Edwards Jet Ctr., 190 P.3d 1111, 1120–21 (Mont. 2008) (explaining that in
Montana, “[t]he construction and interpretation of a contract is a question of law”
and “[w]here the language of a contract is unambiguous . . . the duty of the court is
to apply the language as written”). Sections 4.3 and 4.4 of the Agreement, on which
the district court relied, cannot and do not override the earlier provision. Rather,
they provide the procedures for implementing it.
2. The district court also erred by deciding as a matter of law that the
Agreement was modified by performance. Drawing all reasonable inferences in
favor of Apex, a reasonable jury could conclude that the Agreement was not
modified. Although WGI ordered less than the minimum purchase requirement,
Apex repeatedly voiced its dissatisfaction and specifically invoked the minimum
2 purchase term in writing soon after the first possible alleged breach, which was at
the end of the first year of the Agreement.
3. Accordingly, the district court erred in granting judgment as a matter of
law to WGI on Apex’s breach of contract claim. We vacate the judgment and
remand for further proceedings on that claim. And, because the district court’s ruling
on the remainder of Apex’s breach of implied covenant of good faith and fair
dealing, constructive fraud, and negligent misrepresentation claims was enmeshed
with its ruling on the breach of contract claim, we also vacate the judgment as a
matter of law on those claims, and remand to the district court for further
proceedings.
4. The parties voluntarily stipulated to dismissal with prejudice of Apex’s
tortious interference claim. See Fed. R. Civ.
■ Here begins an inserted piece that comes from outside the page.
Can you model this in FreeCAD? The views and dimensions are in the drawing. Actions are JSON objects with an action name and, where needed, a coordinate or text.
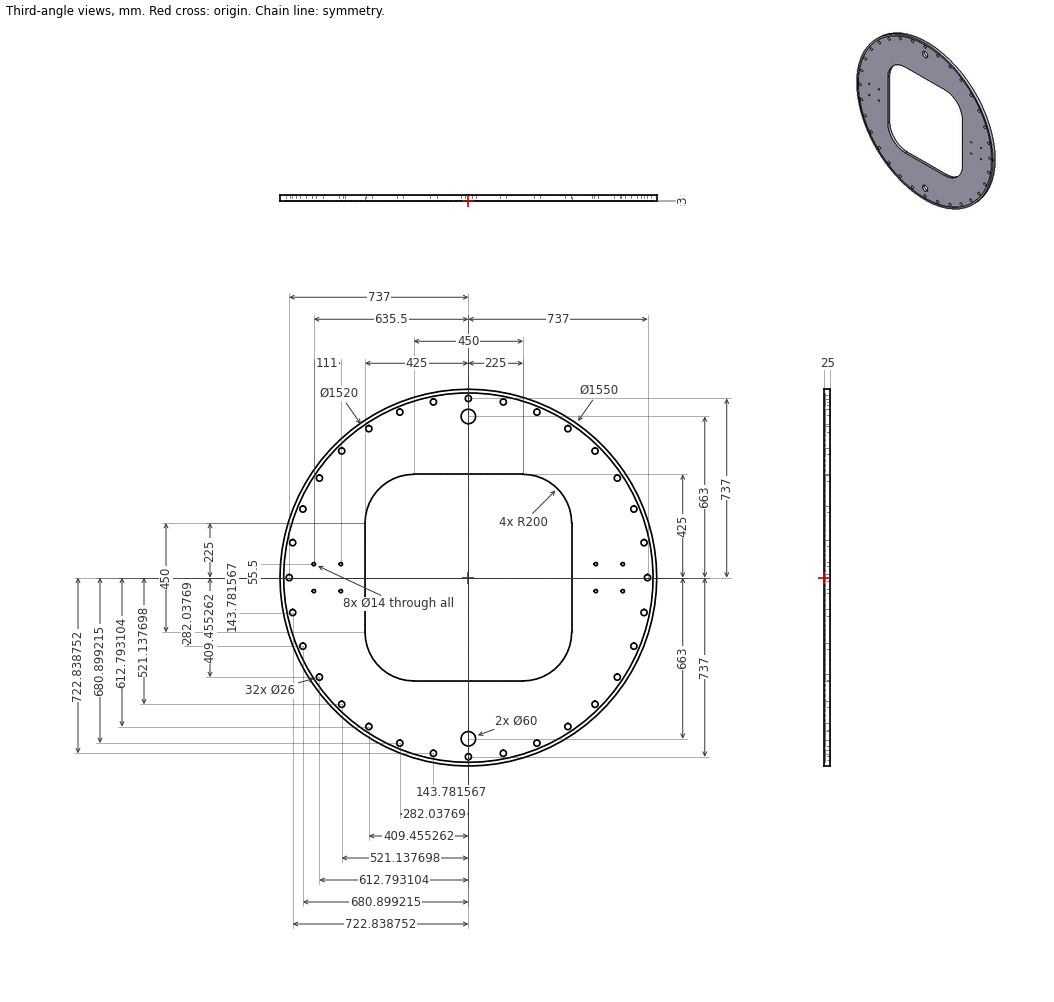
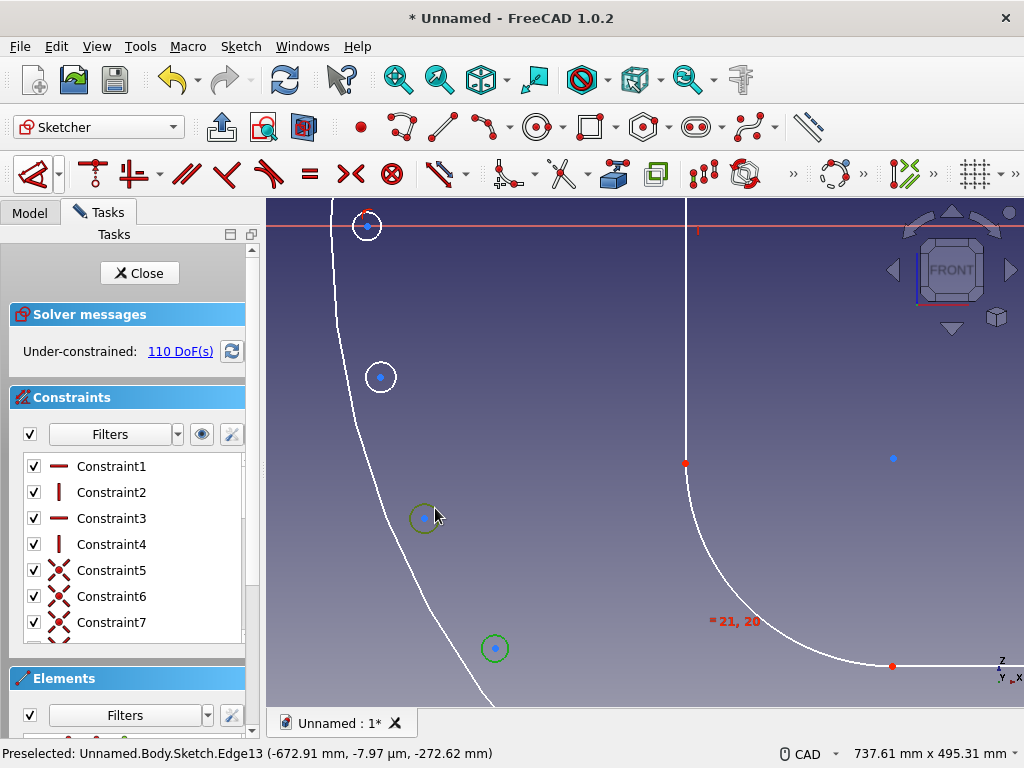
{"action": "left_click", "coordinate": [391, 367]}

P. 41(a)(1)(A)(ii); see also Eitel v.
McCool, 782 F.2d 1470, 1473 (9th Cir. 1986) (holding that “an unqualified oral
stipulation of dismissal made in open court satisfies Rule 41(a)(1)(ii), even where
no formal stipulation was signed by the parties”). The district court’s March 25,
2016 order vacating its own “rulings” from the February 2016 pretrial conference
did not revive the claim.
5. In light of our ruling on the contract claims and remand for trial, we need
not address Apex’s evidentiary arguments on appeal. The challenged evidentiary
3 rulings were premised at least in part on the district court’s erroneous interpretation
of the Agreement and may be reconsidered by the district court on remand.
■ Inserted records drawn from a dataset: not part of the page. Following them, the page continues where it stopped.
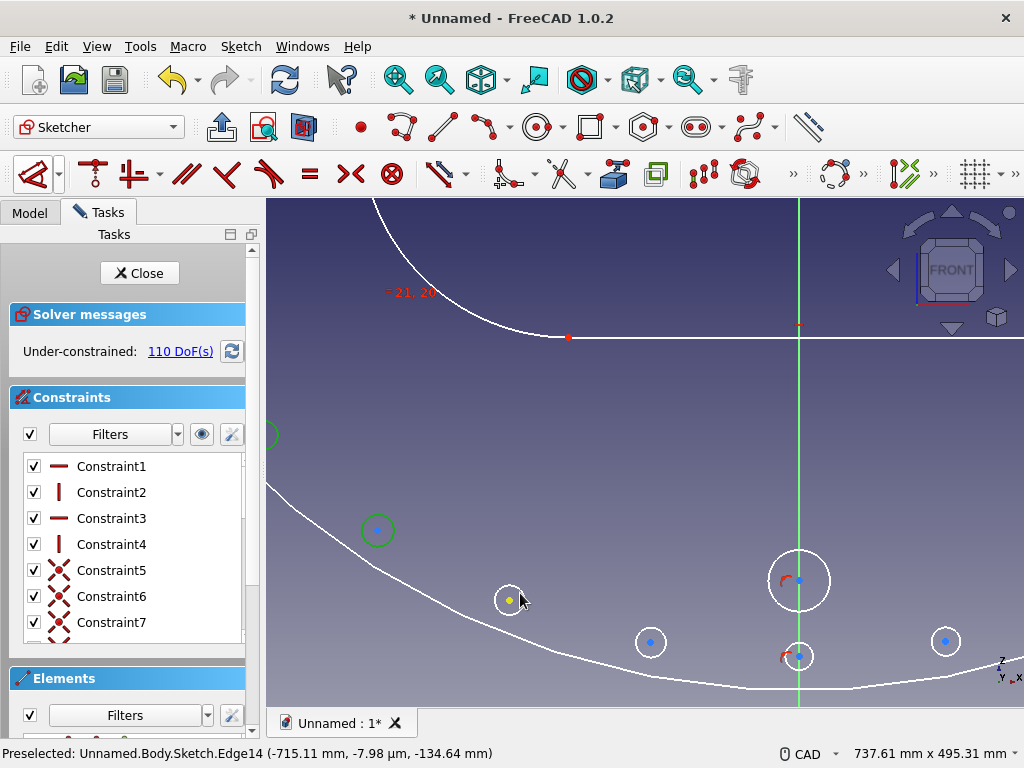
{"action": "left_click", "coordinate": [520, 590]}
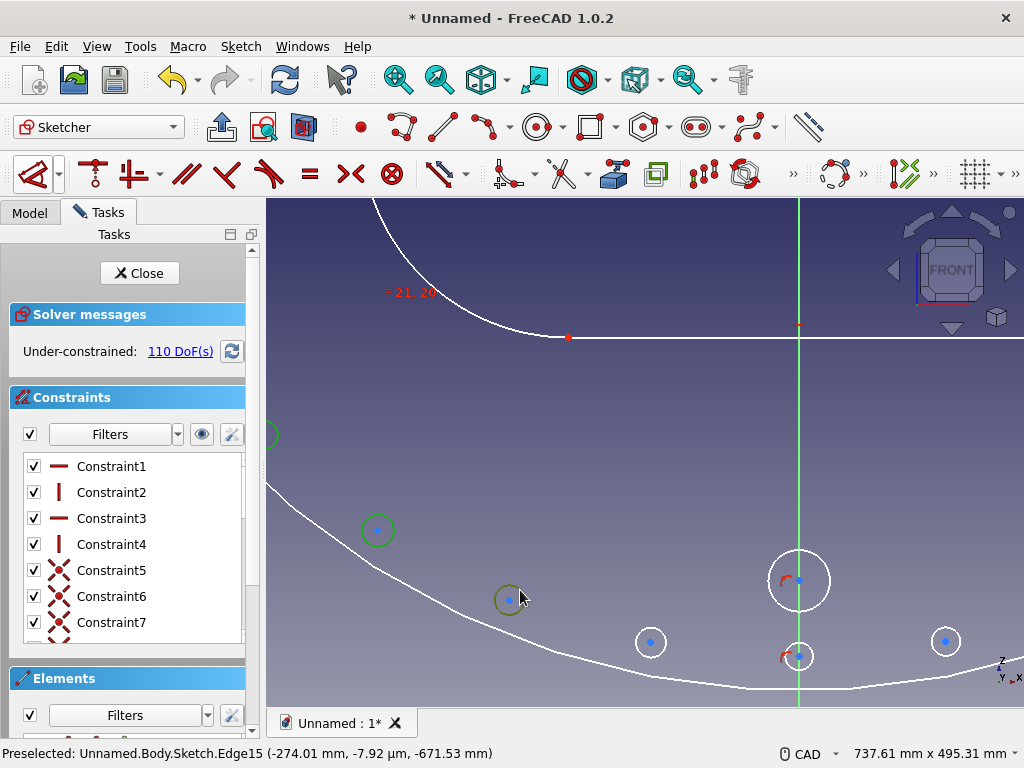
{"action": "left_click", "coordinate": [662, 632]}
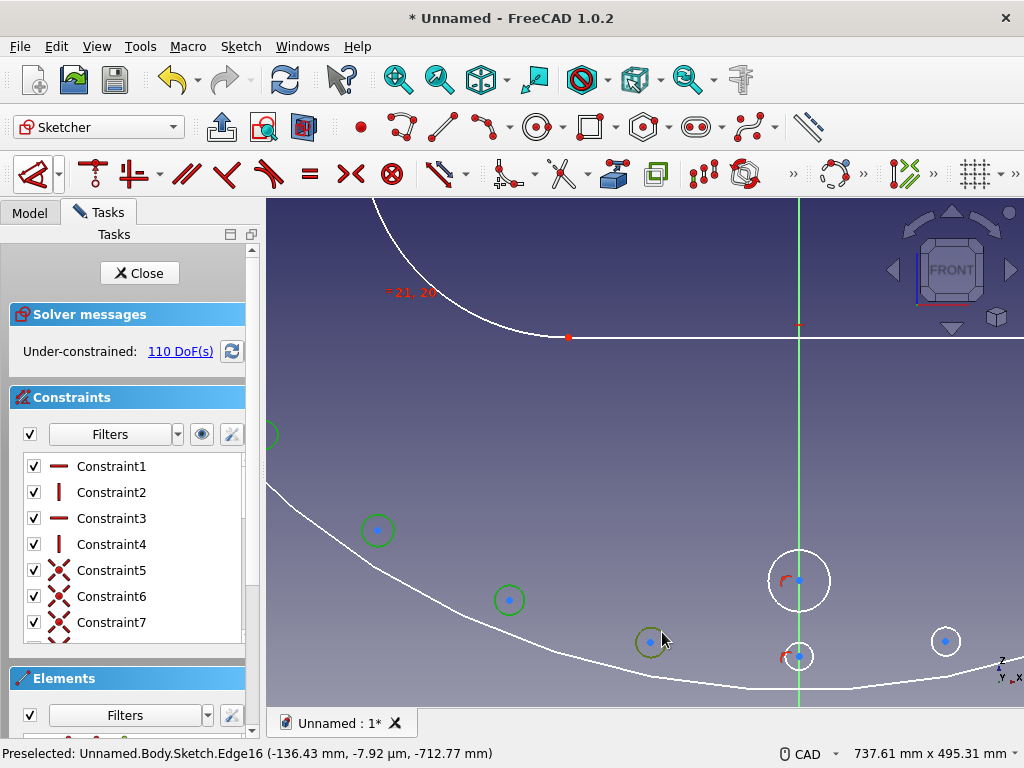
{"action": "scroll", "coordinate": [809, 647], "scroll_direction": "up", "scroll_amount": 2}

6. The district court did not err in denying Apex’s motion for sanctions; the
court reasonably concluded that that litigation was not reasonably foreseeable at the
time WGI’s records were destroyed. See Leon v. IDX Sys. Corp., 464 F.3d 951,
957–58 (9th Cir. 2006) (indicating that we review a district court’s spoliation
sanctions order for abuse of discretion but that we review its factual findings for
clear error).
7. We also conclude that the district court did not abuse its discretion over
discovery matters by conditioning Apex’s second deposition of a witness on the
payment of WGI’s reasonable attorneys’ fees. A district court’s “broad discretion
to manage discovery and to control the course of litigation under Federal Rule of
Civil Procedure 16,” Avila v. Willits Envtl. Remed. Tr., 633 F.3d 828, 833 (9th Cir.
2011), includes the power to condition a second deposition on the imposition of fees.
8. Finally, because we adduce no evidence of personal bias in the record on
the part of the district judge, we decline to order this case reassigned. But given the
history of this matter, the district court might well conclude that recusal and
reassignment on remand would serve the cause of justice. Each party shall bear their
own costs.
AFFIRMED IN PART, VACATED IN PART, and REMANDED.